## WHAT TO DO
Word for word, repeat the data; no picture should appear in the result.

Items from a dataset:
▬▬▬▬▬▬▬▬▬▬

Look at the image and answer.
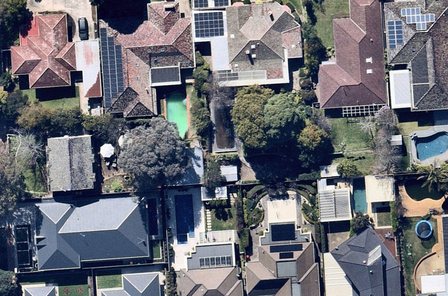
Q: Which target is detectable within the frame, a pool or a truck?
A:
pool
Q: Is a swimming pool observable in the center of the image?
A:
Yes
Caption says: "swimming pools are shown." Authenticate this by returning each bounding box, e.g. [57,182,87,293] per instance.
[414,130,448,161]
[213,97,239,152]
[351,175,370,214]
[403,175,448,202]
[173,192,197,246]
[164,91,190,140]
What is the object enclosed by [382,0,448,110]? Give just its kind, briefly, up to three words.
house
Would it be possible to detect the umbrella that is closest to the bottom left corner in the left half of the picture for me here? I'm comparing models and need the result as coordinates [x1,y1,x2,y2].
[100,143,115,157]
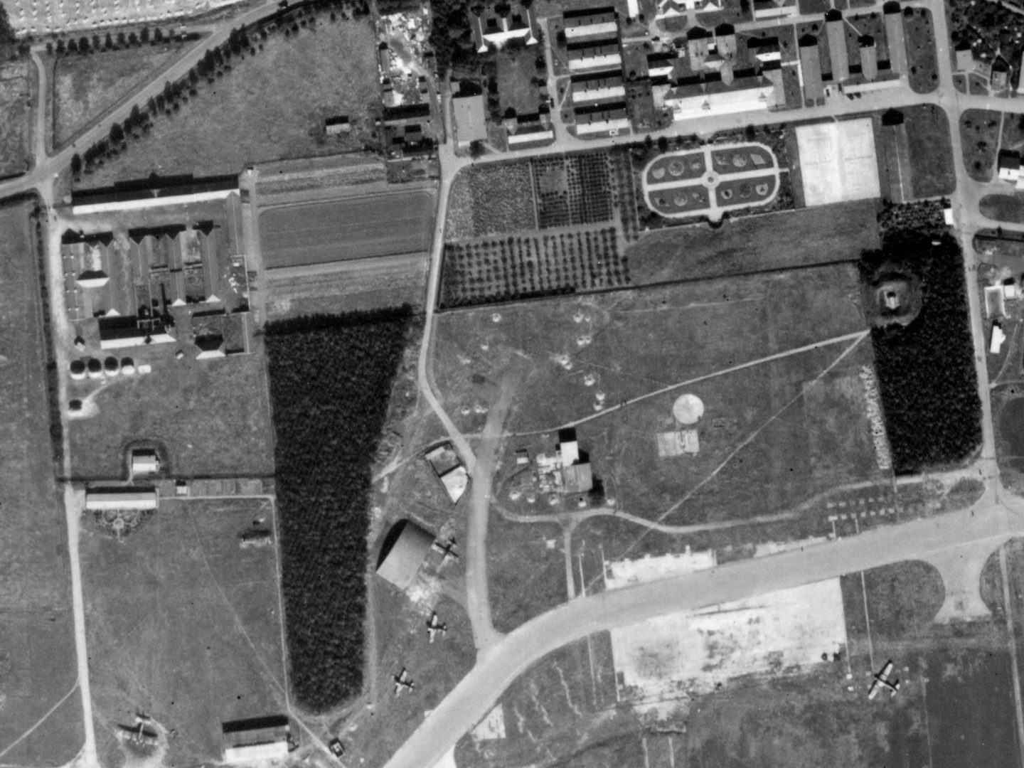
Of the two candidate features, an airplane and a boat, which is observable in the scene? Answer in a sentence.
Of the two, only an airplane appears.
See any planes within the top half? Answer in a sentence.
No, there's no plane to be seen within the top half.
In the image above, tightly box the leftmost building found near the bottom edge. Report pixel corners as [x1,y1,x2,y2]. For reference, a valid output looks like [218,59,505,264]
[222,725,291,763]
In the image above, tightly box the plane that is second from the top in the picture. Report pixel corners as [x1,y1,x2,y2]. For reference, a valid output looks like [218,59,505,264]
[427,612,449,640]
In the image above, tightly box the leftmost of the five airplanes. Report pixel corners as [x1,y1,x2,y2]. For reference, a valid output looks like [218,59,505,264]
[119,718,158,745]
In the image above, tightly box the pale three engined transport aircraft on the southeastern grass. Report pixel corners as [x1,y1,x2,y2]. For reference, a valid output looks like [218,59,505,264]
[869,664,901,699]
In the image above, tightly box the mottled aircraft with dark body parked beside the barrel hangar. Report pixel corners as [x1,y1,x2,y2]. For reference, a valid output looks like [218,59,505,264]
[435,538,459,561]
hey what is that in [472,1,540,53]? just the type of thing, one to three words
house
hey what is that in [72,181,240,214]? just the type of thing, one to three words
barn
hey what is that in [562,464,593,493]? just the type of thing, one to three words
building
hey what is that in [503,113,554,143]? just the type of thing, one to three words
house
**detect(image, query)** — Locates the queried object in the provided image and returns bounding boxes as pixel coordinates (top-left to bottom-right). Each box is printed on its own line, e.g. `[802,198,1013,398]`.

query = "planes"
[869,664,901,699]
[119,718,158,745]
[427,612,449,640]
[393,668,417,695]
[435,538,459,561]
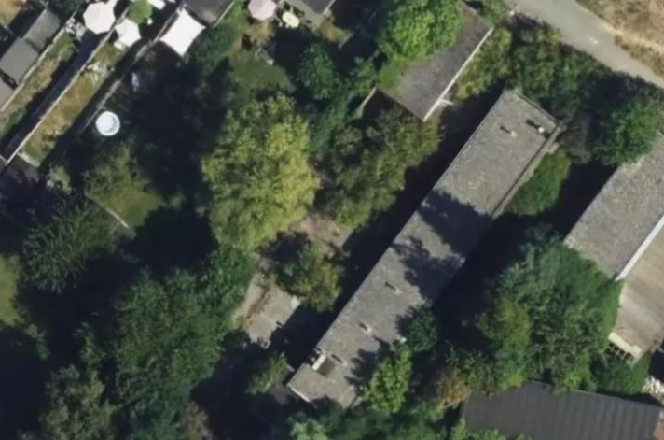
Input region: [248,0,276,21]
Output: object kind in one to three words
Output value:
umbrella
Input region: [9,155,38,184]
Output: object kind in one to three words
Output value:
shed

▬▬▬▬▬▬▬▬▬▬

## ANSWER BOX
Look at the image and answer.
Q: Which target is detectable within the frame, a pool or a truck?
A:
pool
Q: Is a swimming pool observable in the center of the image?
A:
Yes
Caption says: "swimming pools are shown." Authenticate this by returning each bounding box, e.g. [57,182,87,293] per instance.
[414,130,448,161]
[213,97,239,152]
[351,175,370,214]
[403,175,448,202]
[173,192,197,246]
[164,91,190,140]
What is the object enclosed by [382,0,448,110]? Give just its kind, briefly, up to three words.
house
Would it be possible to detect the umbrella that is closest to the bottom left corner in the left half of the picture for me here? I'm comparing models and need the result as coordinates [x1,y1,x2,y2].
[100,143,115,157]
Of the two candidate features, an airplane and a boat, which is observable in the scene? Answer in a sentence.
Of the two, only an airplane appears.
See any planes within the top half? Answer in a sentence.
No, there's no plane to be seen within the top half.
In the image above, tightly box the leftmost building found near the bottom edge. Report pixel corners as [x1,y1,x2,y2]. For reference, a valid output looks like [218,59,505,264]
[222,725,291,763]
In the image above, tightly box the plane that is second from the top in the picture. Report pixel corners as [x1,y1,x2,y2]. For reference, a valid output looks like [218,59,505,264]
[427,612,449,640]
In the image above, tightly box the leftmost of the five airplanes. Report pixel corners as [x1,y1,x2,y2]. For reference, a valid output looks like [218,59,505,264]
[119,718,158,745]
In the image above, tightly box the pale three engined transport aircraft on the southeastern grass. Report pixel corners as [x1,y1,x2,y2]. For reference, a valid output looks like [218,59,505,264]
[869,664,901,699]
In the image above, tightly box the mottled aircraft with dark body parked beside the barrel hangar. Report pixel corners as [x1,y1,x2,y2]. For reference, a valid output looks like [218,59,505,264]
[435,538,459,561]
hey what is that in [472,1,540,53]? just the type of thing, one to three words
house
hey what is that in [72,181,240,214]? just the type of thing, one to three words
barn
hey what is that in [562,464,593,493]? just the type of thing, one to three words
building
hey what is that in [503,113,554,143]? just the type of thing, one to three words
house
**detect(image, query)** — Locates the queried object in the provided image and returns bounding boxes as pixel coordinates (top-left to bottom-right). Each box is printed on its own line, e.g. `[802,198,1013,398]`.

query = "planes"
[869,664,901,699]
[119,718,158,745]
[427,612,449,640]
[393,668,417,695]
[435,538,459,561]
Input region: [248,0,276,21]
Output: object kind in one to three words
Output value:
umbrella
Input region: [9,155,38,184]
Output: object kind in one to three words
Output value:
shed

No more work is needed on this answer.